Data listing
::::

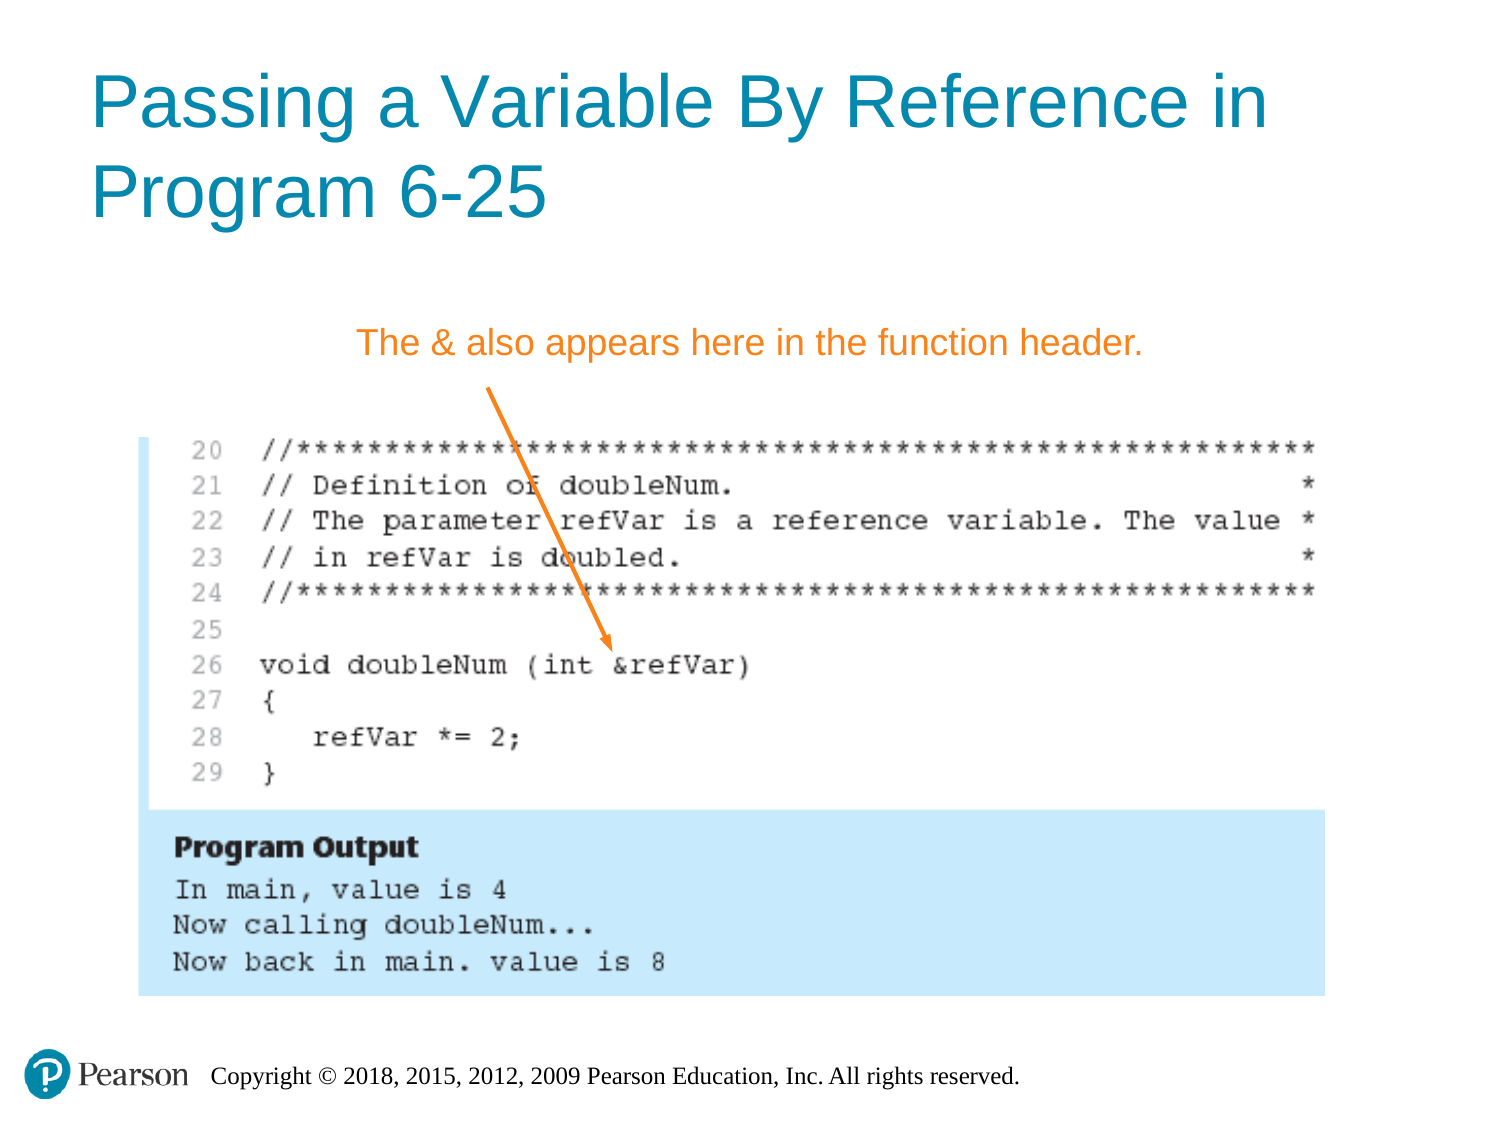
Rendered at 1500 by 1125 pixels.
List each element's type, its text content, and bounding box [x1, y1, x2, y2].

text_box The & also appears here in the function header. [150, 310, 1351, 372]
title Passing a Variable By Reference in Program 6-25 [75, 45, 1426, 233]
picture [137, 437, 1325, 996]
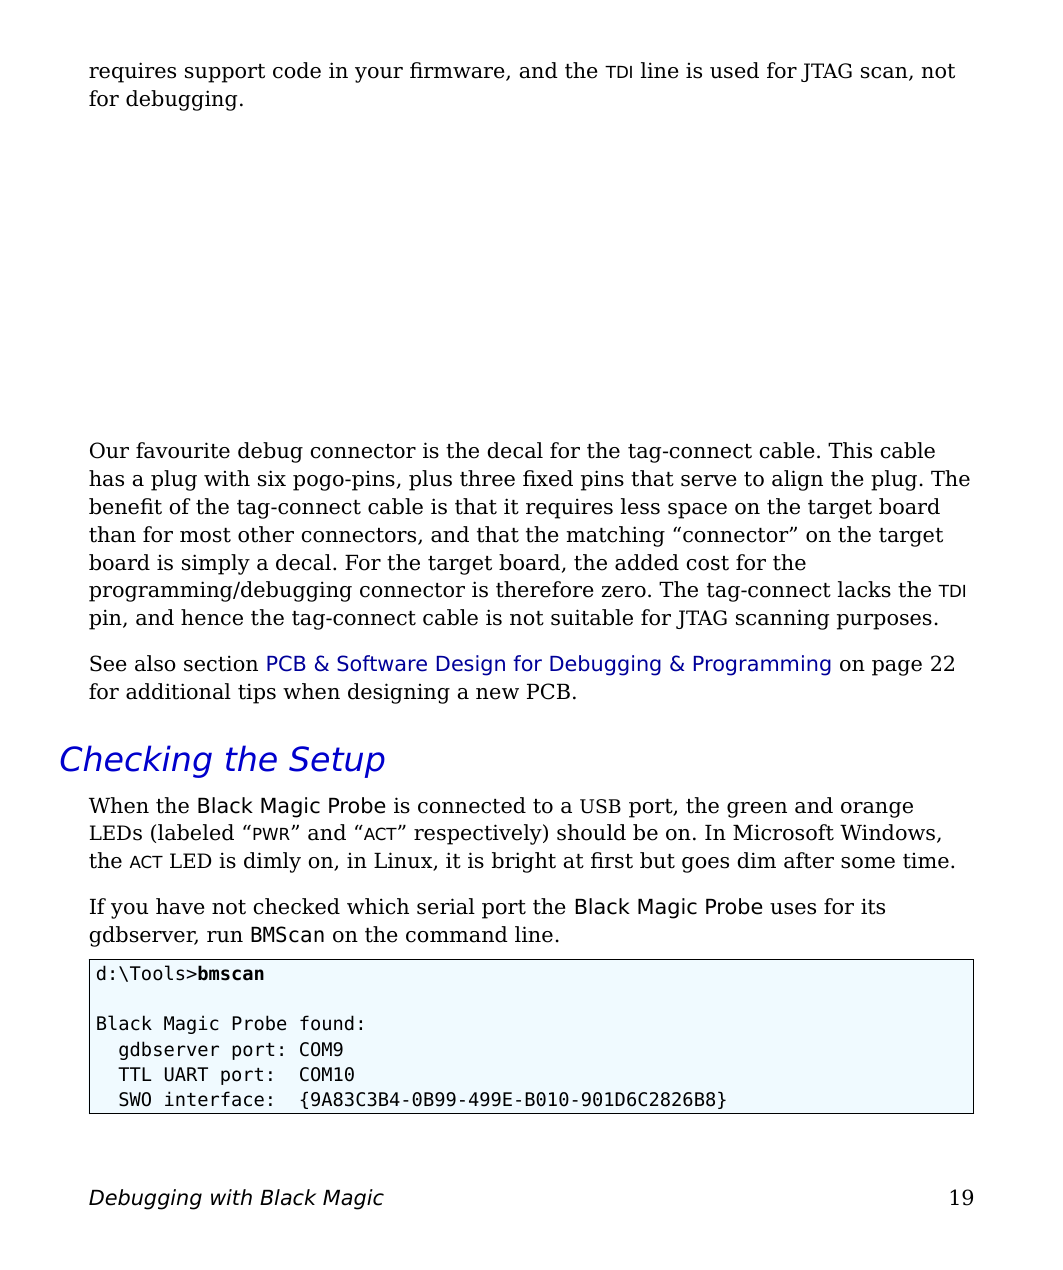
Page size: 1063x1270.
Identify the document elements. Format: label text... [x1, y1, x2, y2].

::::

What you should do
Pictures stay out; reproduce exactly the lines from the one containing "List each element's" through the end of the data.

Answer for this exercise
List each element's type, its text content, and bounding box [x1, y1, x2, y2].

text_box The & also appears here in the function header. [150, 310, 1351, 372]
title Passing a Variable By Reference in Program 6-25 [75, 45, 1426, 233]
picture [137, 437, 1325, 996]
Page size: 1063x1270.
Identify the document elements. Format: label text... [x1, y1, x2, y2].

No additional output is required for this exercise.